The Best (and Worst) Funny Fatherhood Jokes 👋

Celebrate the joys (and challenges) of fatherhood with our collection of funny fatherhood jokes! These jokes capture the humor of being a dad, from the sleepless nights to the unforgettable dad moments. Whether you’re a dad yourself or just enjoy the lighter side of fatherhood, our funny fatherhood jokes will have you laughing at the ups and downs of parenting. Explore the best jokes that every dad can relate to!
What do you call a cow with no legs? Ground beef.
Beer brewery manager on the phone with Mrs Jones: "Afraid I have bad news. Your husband fell into a vat of beer this morning." Mrs Jones started weeping. "Did he go quickly?" "He climbed out three times - but only to pee."
I told my boss I think I deserve a promotion He said that's why I'm not the boss.
You guys was right about Donald Trump harming the environment He's already making snowflakes melt!
We could use some George Carlin right about now. But then he'd would be saying "I TOLD YOU SO!"
Why did the German soldier help the wounded puppy? Because he was a veteran Aryan
Two criminals stole a calendar They got six months each
My girlfriend and I have been really stressed and having some issues so we decided to take a mini vacation, a weekend trip to a ski resort. Everything started off well, but things went downhill really fast.

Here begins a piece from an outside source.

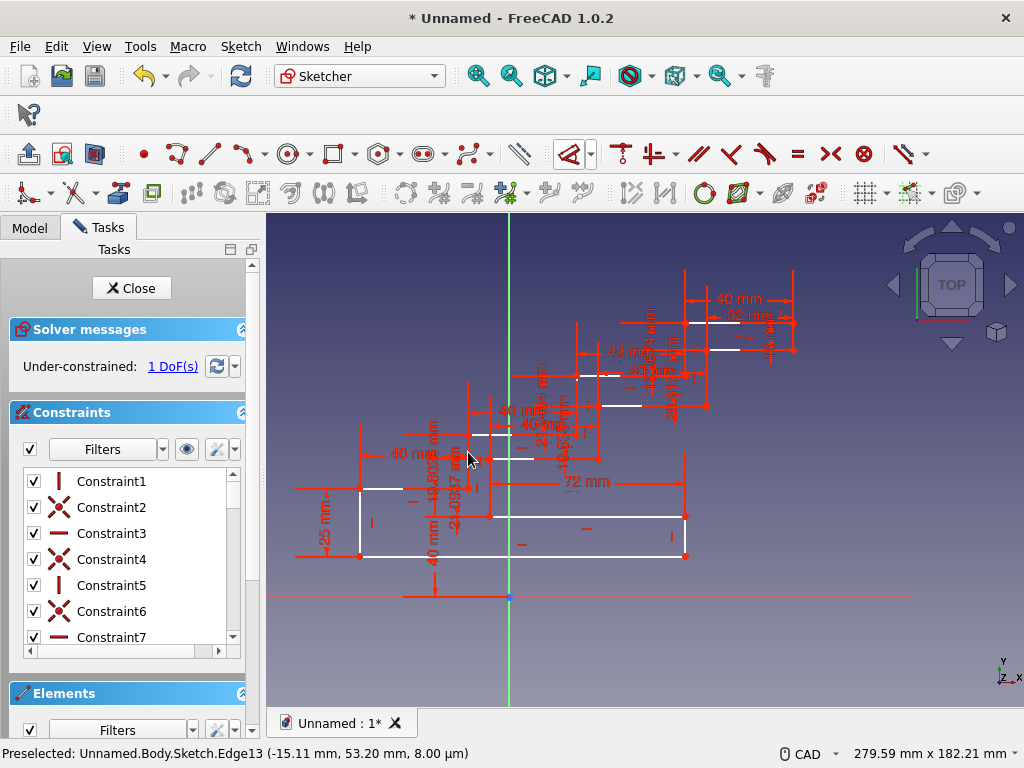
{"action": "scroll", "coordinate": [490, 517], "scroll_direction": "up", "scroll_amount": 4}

Carp is about to hit the fan. That's right, I'm going fishing in a helicopter!
I was applying for Australian citizenship, and the guy asks me "have you ever been convicted of a felony?" "Does stealing a joke count?" I asked.

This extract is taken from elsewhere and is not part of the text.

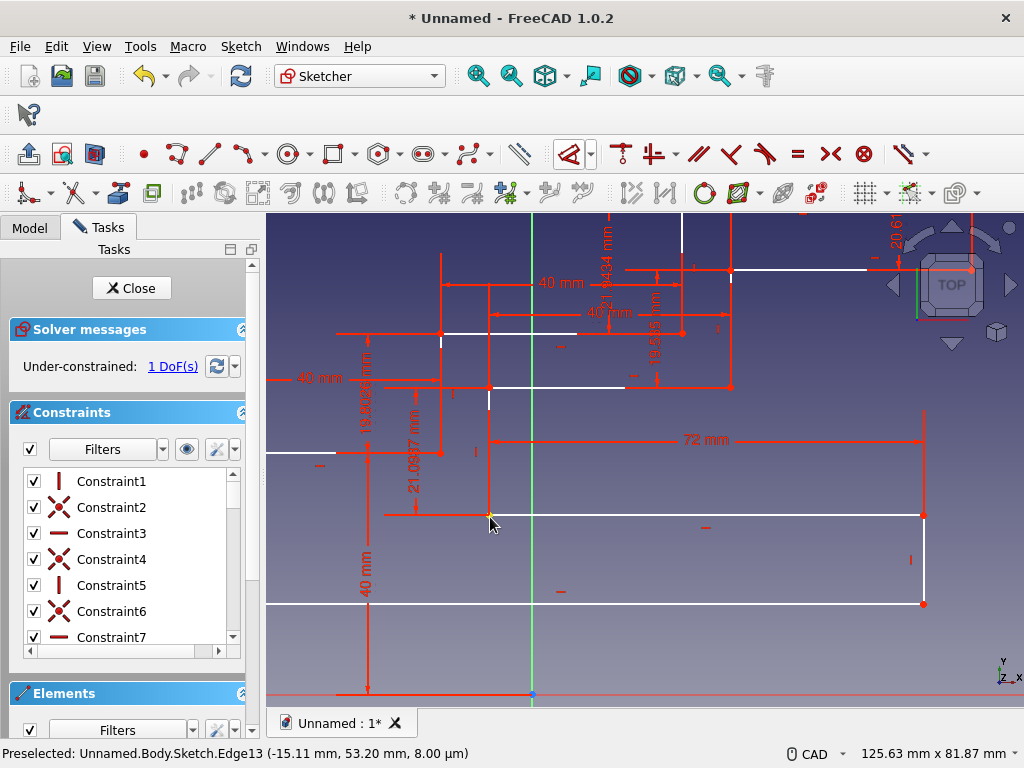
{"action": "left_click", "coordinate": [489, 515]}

A furniture store keeps calling me. All I wanted was one night stand.
I asked the librarian if books about paranoia were available. She looked up and whispered, "They're right behind you".
What does a mobster buried in cement soon become? A hardened criminal.
Why do vampires have no friends? They suck.
As I handed my Dad his 50th birthday card, he looked at me with tears in his eyes and said. "You know, one would have been enough."